Billie Jean King and 100 athletes to celebrate the 50th anniversary of her Women’s Sports Foundation

NEW YORK– Billie Jean King founded the Women’s Sports Foundation with a check for $5,000.

She turned that investment into $100 million and a half-century of helping girls and women achieve their dreams through travel and training subsidies, local sports programs and guiding athletes and coaches.

King will celebrate the foundation’s 50th anniversary by honoring 1999 U.S. Women’s World Cup champions, PWHL and Los Angeles Dodgers co-owner Mark Walter, and the 2024 WNBA rookie class on Wednesday evening in New York.

“What makes me happy is creating opportunities and dreams for others,” King recently told The Associated Press. “I look back and that’s what drives me.”

Nearly 100 female athletes will attend the awards dinner to celebrate the milestone and King, a tireless advocate for equal pay and more investment in women’s sports.

This also applies to award winner and football honoree Julie Foudy. She graduated from Stanford and played for the 1999 U.S. soccer team that won the World Cup before a record crowd of more than 90,000 people at the Rose Bowl in Pasadena, California.

“She has remained a friend and mentor and a major catalyst for changing the course of women’s soccer and so many other sports,” said Foudy, former president of the Women’s Sports Foundation and current soccer broadcaster for Turner and TNT.

After the World Cup victory, Foudy and the team turned to King, Donna Lopiano and Donna de Verona for advice on improving wages and starting a professional soccer league.

“I’ll never forget (King) saying, ‘What are you doing about it?’” Foudy said, of their collective influence on the U.S. Soccer Federation. “And as players, that was exactly the revelation we needed at that moment.”

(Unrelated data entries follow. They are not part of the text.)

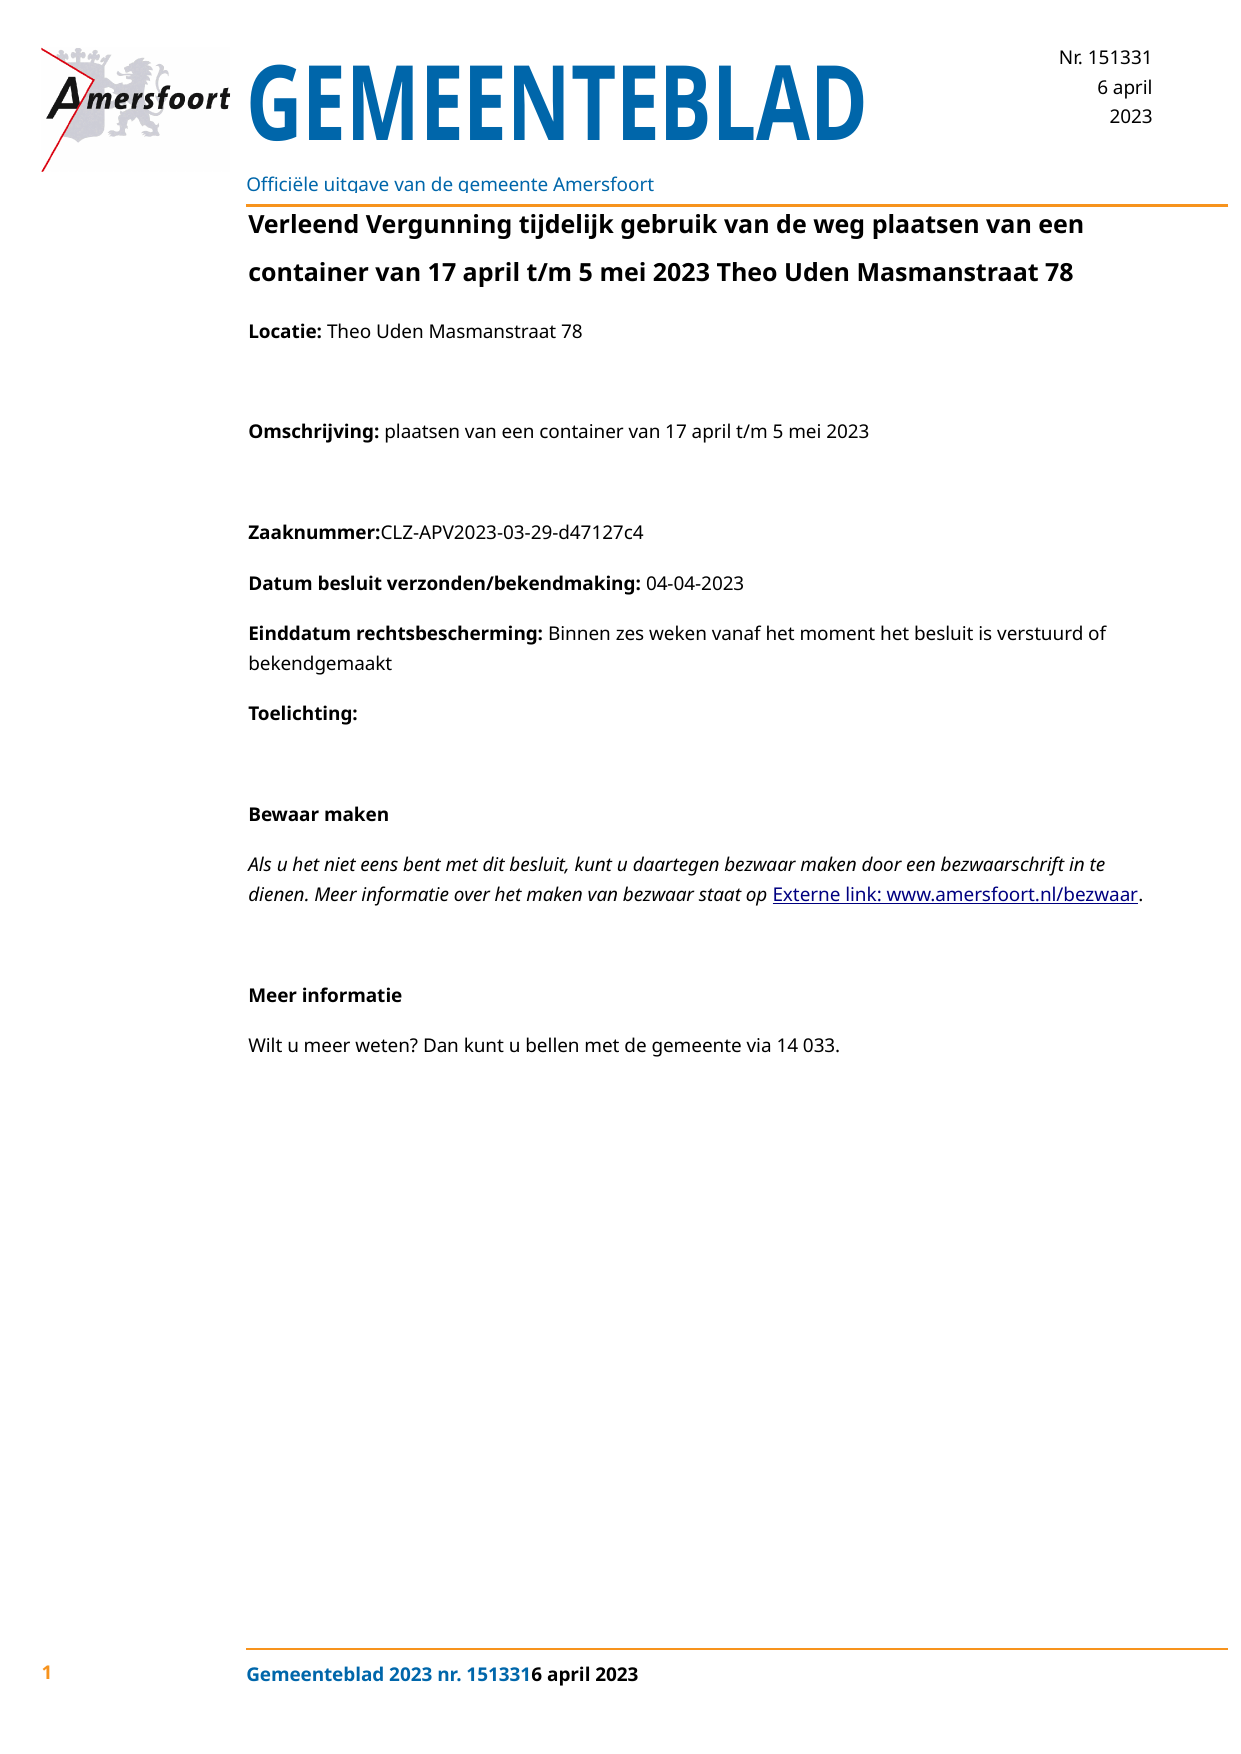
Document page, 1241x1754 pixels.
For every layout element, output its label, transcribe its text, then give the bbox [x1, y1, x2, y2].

text Einddatum rechtsbescherming: Binnen zes weken vanaf het moment het besluit is verstuurd of bekendgemaakt [248, 620, 1152, 676]
text Omschrijving: plaatsen van een container van 17 april t/m 5 mei 2023 [248, 419, 1152, 444]
text Bewaar maken [248, 801, 1152, 827]
text Meer informatie [248, 982, 1152, 1008]
text Locatie: Theo Uden Masmanstraat 78 [248, 318, 1152, 344]
text Toelichting: [248, 700, 1152, 726]
text Zaaknummer:CLZ-APV2023-03-29-d47127c4 [248, 519, 1152, 545]
text Verleend Vergunning tijdelijk gebruik van de weg plaatsen van een container van 17 april t/m 5 mei 2023 Theo Uden Masmanstraat 78 [248, 207, 1152, 288]
text Wilt u meer weten? Dan kunt u bellen met de gemeente via 14 033. [248, 1032, 1152, 1058]
text Als u het niet eens bent met dit besluit, kunt u daartegen bezwaar maken door een bezwaarschrift in te dienen. Meer informatie over het maken van bezwaar staat op Externe link: www.amersfoort.nl/bezwaar. [248, 852, 1152, 907]
text Datum besluit verzonden/bekendmaking: 04-04-2023 [248, 570, 1152, 596]
picture [41, 47, 231, 172]

Foudy and the ’99ers ultimately witnessed the successful fight for equality, laying the foundation for the current U.S. Women’s National Team to receive the same pay and benefits as the men’s team. A players lawsuit against the federation resulted in a milestone $24 million settlement in 2022.

“Billie doesn’t just have one meeting. She checked in, reached out and asked, ‘What do you need?’” Foudy said. “She was at that first (WUSA professional) game in Washington DC (in 2001) and was a strong believer in the importance of a league and player pool to the longevity and growth of women’s soccer.”

The current version is the NWSL, which was founded in 2013 and now has 14 teams. Foudy is part of the Angel City FC ownership group. New owners Bob Iger and Willow Bay acquired a controlling interest into the team in July, worth $250 million.

King recently joined forces with Mark and Kimba Walter to form the Professional Women’s Hockey League (PWHL), which kicks off its second season in late November. U.S. Olympic gold medalist Kendall Coyne Schofield reached out to King to help unite the fractured professional hockey landscape into one viable competition. King, who is part of the Dodgers’ ownership group, worked with Walter to form the new six-team league.

The WNBA rookie class, led by No. 1 pick Caitlin Clark, will receive the Next Gen Award for “showing up, standing out and courageously carrying the torch.” The popularity of Clark from Indiana and Angel Reese from Chicago generated unprecedented WNBA visitmore nationally televised games and record-breaking TV ratings this summer.

“Caitlin Clark is fantastic,” King said. “It reminds me of Chris Evert in 1971, when she changed everything at the US Open. Every time a player does well, she helps everyone.”

The rookie class includes Cameron Brink (Stanford), Kamilla Cardoso (NCAA champion South Carolina), Rickea Jackson (Tennessee), Jacy Sheldon (Ohio State), Aaliyah Edwards (UConn), Reese (LSU) and Alissa Pili (Utah).

The WNBA lags in pay equity, with Clark receiving just $76,000 in her rookie season compared to the NBA No. 1 pick, who gets $12 million. WNBA players may see a salary increase in 2026 versus a new 11 year media rights deal for approximately $200 million per year in the run-up to the next collective labor agreement. The players’ union is interested in increasing the WNBA’s revenue share from 9.3%, while NBA players receive about 50% of the money generated from TV deals, ticket sales, merchandise and licensing.

King says it may take more time to close the pay gap because women’s sports are “still in their infancy.”

“The NBA is 78 years old, the WNBA is 28 years old,” King said. “(Former NBA commissioner) David Stern made a huge difference, he was a marketing genius. We must continue to do that for women’s sports.”

King and the ‘Original Nine’ helped market early women’s professional tennis circuitand she formed the WTA with players a week before Wimbledon in 1973. She advocated for Title IX, defeated Bobby Riggs and fought for equal prize money in tennis. In between, she won 39 Grand Slam titles during her career.

The next milestone for the 80-year-old king will be receiving the Congressional Gold Medal. It is one of the highest American civilian honors for individuals whose achievements have a lasting impact on their field.

“The Women’s Sports Foundation, no one knew how long it would last,” she said. “I see the 50th anniversary as a continuation of creating more opportunities. You can’t give it up.”